Journal of Applied Mathematics and Stochastic Analysis
Volume 4 (1991), Issue 4, Pages 333-355
doi:10.1155/S1048953391000254

Markov chains with transition delta-matrix: ergodicity conditions, invariant probability measures and applications

Lev Abolnikov1 and Alexander Dukhovny2

1Loyola Marymount University, Department of Mathematics, Los Angeles 90045, CA, USA
2San Francisco State University, Department of Mathematics, San Francisco 94132, CA, USA

Received 1 March 1991; Revised 1 August 1991

Copyright © 1991 Lev Abolnikov and Alexander Dukhovny. This is an open access article distributed under the Creative Commons Attribution License, which permits unrestricted use, distribution, and reproduction in any medium, provided the original work is properly cited.

Abstract

A large class of Markov chains with so-called Δm,n-and Δm,n-transition matrices (“delta-matrices”) which frequently occur in applications (queues, inventories, dams) is analyzed.

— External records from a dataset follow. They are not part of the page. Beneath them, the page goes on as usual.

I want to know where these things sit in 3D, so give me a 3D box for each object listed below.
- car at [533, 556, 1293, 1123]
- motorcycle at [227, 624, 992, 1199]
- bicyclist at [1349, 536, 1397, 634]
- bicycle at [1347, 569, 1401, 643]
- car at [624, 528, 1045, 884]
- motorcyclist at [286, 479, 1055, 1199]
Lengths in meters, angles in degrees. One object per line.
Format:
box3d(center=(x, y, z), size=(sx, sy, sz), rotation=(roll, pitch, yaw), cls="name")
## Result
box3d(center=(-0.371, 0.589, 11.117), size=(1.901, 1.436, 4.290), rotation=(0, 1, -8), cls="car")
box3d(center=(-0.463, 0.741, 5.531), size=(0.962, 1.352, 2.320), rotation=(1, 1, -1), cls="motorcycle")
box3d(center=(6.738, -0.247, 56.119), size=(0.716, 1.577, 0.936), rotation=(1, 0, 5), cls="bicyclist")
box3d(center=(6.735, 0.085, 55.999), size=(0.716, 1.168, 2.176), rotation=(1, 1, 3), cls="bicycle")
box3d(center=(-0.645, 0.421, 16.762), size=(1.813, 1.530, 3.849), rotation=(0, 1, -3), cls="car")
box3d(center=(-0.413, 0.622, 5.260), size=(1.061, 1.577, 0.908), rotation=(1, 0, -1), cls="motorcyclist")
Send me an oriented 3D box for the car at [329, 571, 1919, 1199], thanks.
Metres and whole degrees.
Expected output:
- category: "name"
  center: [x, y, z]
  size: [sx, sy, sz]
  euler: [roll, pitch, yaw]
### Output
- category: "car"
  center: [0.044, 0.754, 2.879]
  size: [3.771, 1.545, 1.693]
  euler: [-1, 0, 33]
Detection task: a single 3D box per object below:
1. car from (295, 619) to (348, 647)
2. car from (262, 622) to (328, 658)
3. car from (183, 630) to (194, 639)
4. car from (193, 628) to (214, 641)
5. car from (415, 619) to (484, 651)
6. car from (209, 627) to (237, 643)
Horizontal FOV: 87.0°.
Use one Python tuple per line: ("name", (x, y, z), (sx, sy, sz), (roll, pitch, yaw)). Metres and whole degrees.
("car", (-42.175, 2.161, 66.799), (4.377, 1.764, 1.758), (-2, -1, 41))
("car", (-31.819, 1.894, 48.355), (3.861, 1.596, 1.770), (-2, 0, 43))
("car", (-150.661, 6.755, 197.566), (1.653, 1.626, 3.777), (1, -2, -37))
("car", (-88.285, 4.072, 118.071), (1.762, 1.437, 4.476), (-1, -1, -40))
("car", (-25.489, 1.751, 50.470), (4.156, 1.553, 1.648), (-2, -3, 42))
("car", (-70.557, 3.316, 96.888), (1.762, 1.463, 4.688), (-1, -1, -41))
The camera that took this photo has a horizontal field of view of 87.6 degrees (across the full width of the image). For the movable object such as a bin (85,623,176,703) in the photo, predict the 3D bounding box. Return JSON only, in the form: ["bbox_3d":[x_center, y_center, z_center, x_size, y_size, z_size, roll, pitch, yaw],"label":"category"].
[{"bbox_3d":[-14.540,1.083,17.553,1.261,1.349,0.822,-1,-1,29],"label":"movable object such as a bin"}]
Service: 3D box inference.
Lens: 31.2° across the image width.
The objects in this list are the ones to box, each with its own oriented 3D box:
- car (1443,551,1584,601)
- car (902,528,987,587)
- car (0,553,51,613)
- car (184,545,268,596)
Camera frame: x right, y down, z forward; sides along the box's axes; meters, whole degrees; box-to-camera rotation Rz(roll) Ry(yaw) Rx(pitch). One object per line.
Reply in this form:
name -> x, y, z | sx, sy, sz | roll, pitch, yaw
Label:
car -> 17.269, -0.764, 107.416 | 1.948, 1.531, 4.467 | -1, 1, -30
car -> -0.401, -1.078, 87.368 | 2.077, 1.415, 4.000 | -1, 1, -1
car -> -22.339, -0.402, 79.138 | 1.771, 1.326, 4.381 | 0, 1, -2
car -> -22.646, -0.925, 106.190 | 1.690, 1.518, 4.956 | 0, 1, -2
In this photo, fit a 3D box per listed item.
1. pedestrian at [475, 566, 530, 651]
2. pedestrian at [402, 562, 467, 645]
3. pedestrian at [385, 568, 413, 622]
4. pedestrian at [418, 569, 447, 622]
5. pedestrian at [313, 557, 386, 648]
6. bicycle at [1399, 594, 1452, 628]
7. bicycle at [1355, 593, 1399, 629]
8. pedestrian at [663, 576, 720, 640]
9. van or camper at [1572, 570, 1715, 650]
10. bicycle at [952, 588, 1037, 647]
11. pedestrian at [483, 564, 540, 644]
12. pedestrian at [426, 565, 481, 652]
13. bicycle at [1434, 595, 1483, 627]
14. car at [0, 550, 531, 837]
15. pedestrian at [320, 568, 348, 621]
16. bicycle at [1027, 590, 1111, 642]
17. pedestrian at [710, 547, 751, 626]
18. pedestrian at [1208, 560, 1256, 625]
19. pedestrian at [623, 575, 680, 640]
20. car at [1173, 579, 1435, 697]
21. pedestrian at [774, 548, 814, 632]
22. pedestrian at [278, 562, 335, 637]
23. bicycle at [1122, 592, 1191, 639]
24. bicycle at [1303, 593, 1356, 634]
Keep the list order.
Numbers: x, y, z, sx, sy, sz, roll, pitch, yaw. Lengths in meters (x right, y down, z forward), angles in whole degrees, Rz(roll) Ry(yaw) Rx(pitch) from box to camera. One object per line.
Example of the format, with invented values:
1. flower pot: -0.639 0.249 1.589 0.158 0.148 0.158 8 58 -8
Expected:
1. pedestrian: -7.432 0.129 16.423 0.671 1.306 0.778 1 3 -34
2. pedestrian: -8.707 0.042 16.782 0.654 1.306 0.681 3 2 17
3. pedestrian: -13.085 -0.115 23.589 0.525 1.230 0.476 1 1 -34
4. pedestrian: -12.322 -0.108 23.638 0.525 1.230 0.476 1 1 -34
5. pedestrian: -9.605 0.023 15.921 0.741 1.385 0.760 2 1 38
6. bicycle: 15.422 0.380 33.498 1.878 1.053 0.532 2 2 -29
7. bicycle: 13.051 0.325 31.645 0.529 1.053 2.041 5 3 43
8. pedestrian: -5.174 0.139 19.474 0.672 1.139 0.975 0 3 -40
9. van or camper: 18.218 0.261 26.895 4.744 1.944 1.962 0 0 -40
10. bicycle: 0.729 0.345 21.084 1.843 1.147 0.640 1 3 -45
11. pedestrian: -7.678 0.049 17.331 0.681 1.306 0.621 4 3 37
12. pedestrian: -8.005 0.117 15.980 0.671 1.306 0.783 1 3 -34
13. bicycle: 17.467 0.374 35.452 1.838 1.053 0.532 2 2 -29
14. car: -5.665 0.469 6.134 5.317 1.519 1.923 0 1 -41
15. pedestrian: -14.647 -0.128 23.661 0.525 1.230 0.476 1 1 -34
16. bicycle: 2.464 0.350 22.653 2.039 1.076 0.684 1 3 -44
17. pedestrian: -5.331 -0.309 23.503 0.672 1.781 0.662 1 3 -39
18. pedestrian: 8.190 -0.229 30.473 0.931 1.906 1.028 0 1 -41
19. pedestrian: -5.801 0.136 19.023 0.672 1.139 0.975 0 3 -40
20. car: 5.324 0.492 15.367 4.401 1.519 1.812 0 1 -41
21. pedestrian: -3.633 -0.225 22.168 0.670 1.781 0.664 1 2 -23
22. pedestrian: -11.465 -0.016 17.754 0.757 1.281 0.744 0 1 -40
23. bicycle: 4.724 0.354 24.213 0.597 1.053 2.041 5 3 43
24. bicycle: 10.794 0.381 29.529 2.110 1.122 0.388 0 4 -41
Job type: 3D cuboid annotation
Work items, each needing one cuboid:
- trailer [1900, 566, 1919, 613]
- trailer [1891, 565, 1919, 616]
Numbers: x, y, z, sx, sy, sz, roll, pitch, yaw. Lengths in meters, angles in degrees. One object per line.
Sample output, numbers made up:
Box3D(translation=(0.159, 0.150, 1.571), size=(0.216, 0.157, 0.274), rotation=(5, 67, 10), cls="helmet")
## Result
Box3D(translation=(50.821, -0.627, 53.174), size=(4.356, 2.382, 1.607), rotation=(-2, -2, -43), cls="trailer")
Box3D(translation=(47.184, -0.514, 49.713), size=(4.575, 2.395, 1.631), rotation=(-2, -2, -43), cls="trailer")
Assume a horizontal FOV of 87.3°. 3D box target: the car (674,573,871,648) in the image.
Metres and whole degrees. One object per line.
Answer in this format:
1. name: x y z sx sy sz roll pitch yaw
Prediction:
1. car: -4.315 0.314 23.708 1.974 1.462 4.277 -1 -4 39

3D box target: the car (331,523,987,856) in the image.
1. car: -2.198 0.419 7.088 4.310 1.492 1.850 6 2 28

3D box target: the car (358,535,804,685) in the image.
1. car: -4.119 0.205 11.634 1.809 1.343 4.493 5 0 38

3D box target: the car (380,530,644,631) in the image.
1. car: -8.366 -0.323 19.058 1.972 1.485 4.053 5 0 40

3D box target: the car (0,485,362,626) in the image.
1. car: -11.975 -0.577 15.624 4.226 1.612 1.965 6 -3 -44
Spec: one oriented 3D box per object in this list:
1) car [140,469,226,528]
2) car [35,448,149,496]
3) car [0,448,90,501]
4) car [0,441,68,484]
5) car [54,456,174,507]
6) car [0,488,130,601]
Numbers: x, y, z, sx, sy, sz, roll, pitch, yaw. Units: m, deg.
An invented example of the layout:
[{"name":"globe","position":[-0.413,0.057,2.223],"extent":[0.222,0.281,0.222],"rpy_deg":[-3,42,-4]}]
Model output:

The authors find some structural properties of both types of Markov chains and develop a simple test for their irreducibility and aperiodicity. Necessary and sufficient conditions for the ergodicity of both chains are found in the article in two equivalent versions. According to one of them, these conditions are expressed in terms of certain restrictions imposed on the generating functions Ai(z) of the elements of the ith row of the transition matrix, i=0,1,2,; in the other version they are connected with the characterization of the roots of a certain associated function in the unit disc of the complex plane. The invariant probability measures of Markov chains of both kinds are found in terms of generating functions. It is shown that the general method in some important special cases can be simplified and yields convenient and, sometimes, explicit results.

As examples, several queueing and inventory (dam) models, each of independent interest, are analyzed with the help of the general methods developed in the article.